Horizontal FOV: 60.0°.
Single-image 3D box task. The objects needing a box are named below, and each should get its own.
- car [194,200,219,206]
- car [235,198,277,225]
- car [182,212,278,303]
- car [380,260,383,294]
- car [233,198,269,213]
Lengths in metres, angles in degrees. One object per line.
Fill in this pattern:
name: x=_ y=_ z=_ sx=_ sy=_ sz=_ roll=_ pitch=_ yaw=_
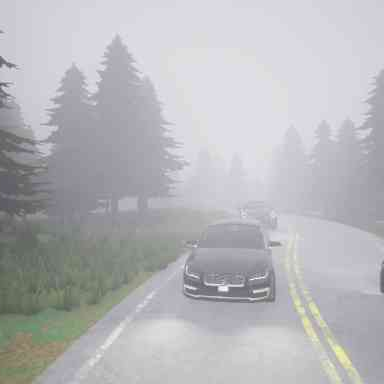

===

- _What the task asks_
Copy the entries precisely, images excluded.

- _Solved exercise_
Horizontal FOV: 60.0°.
Single-image 3D box task. The objects needing a box are named below, and each should get its own.
- car [194,200,219,206]
- car [235,198,277,225]
- car [182,212,278,303]
- car [380,260,383,294]
- car [233,198,269,213]
Lengths in metres, angles in degrees. One object per line.
Fill in this pattern:
name: x=_ y=_ z=_ sx=_ sy=_ sz=_ roll=_ pitch=_ yaw=_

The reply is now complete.